For this exercise, copy exactly every line from the one holding "Click on the section header with" through the end of the data, both included. Omit pictures.

(Collected data)
■ ■ ■
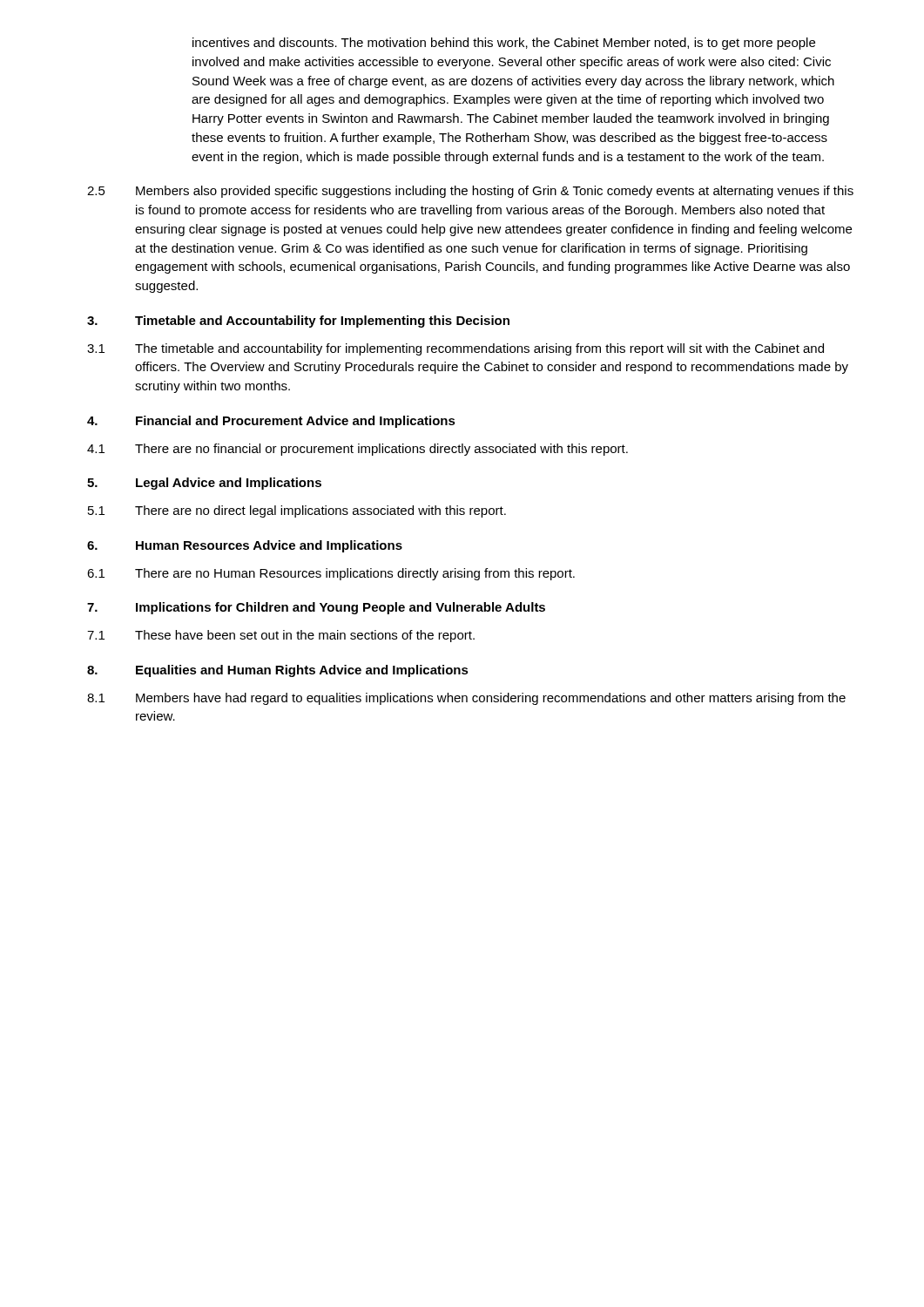Click on the section header that reads "6. Human Resources"
This screenshot has width=924, height=1307.
point(245,546)
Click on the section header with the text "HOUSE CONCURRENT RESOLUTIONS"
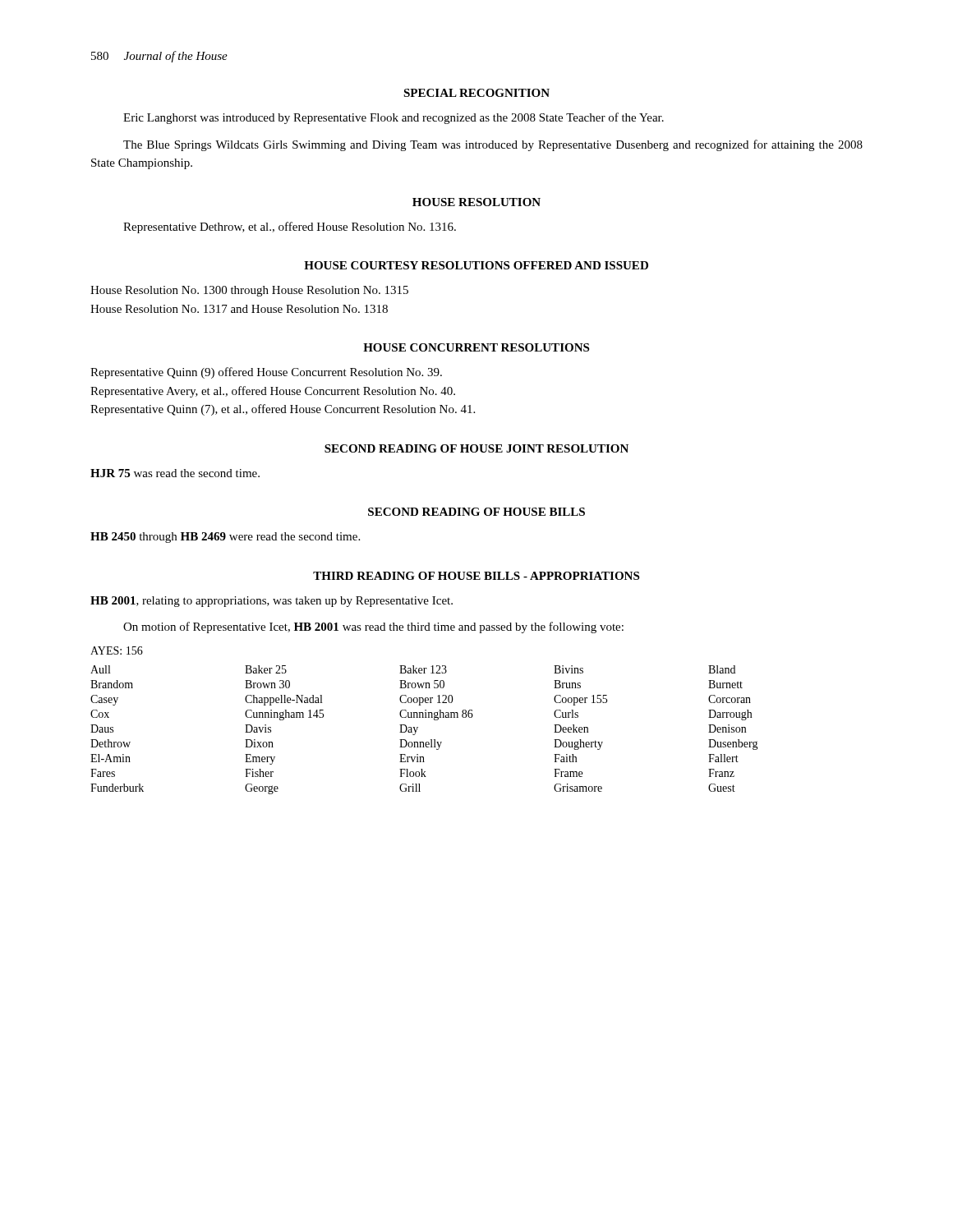The width and height of the screenshot is (953, 1232). pyautogui.click(x=476, y=347)
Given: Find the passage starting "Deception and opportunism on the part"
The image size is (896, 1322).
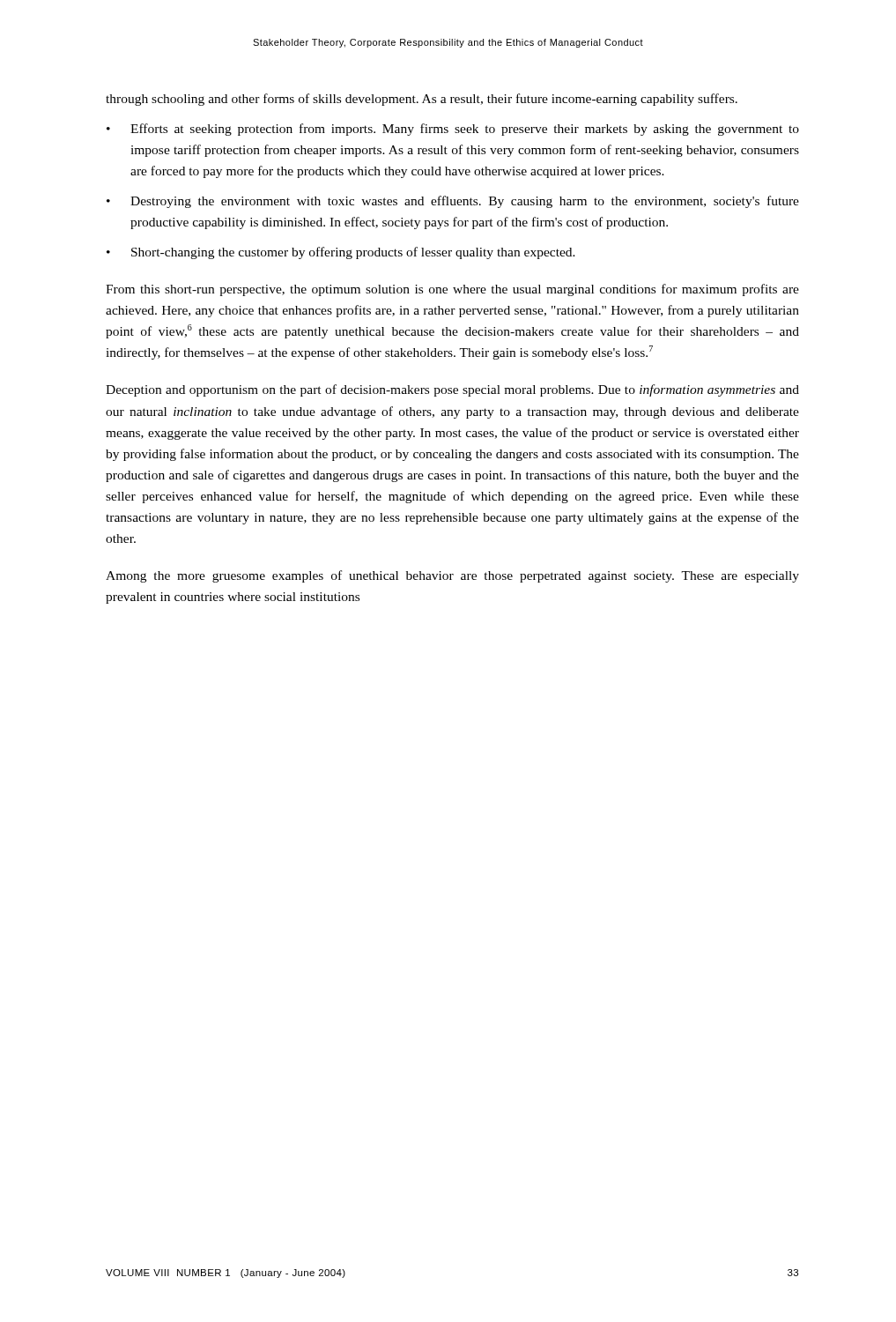Looking at the screenshot, I should [452, 464].
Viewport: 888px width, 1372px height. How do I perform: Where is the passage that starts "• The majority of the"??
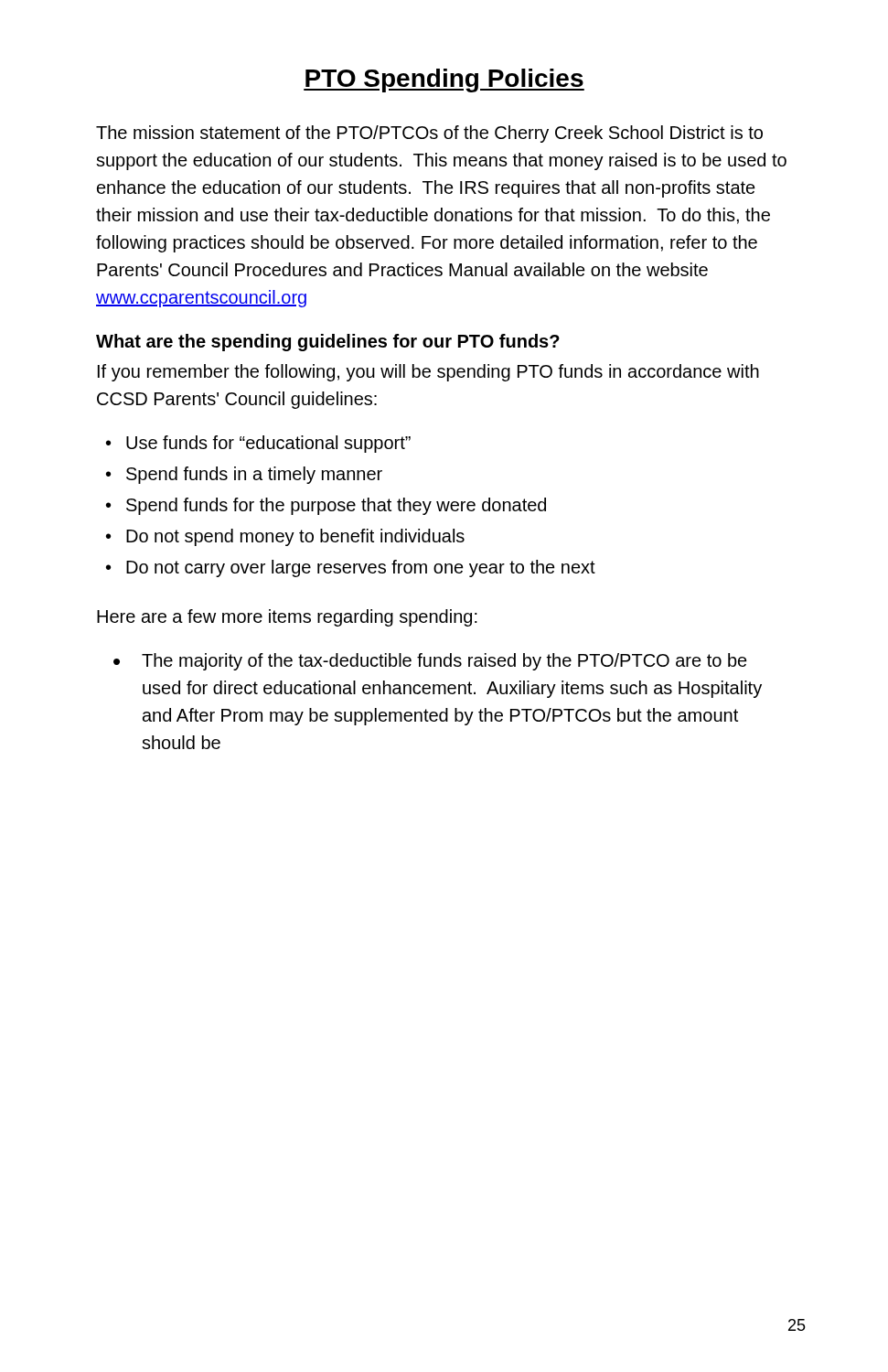point(452,702)
■ ■ ■
- ANSWER BELOW:
Click on the section header with the text "HOUSE CONCURRENT RESOLUTIONS"
The width and height of the screenshot is (953, 1232). pyautogui.click(x=476, y=347)
Given: Find the passage starting "Deception and opportunism on the part"
The image size is (896, 1322).
Looking at the screenshot, I should [452, 464].
Viewport: 888px width, 1372px height. How do I perform: Where is the passage that starts "• The majority of the"??
point(452,702)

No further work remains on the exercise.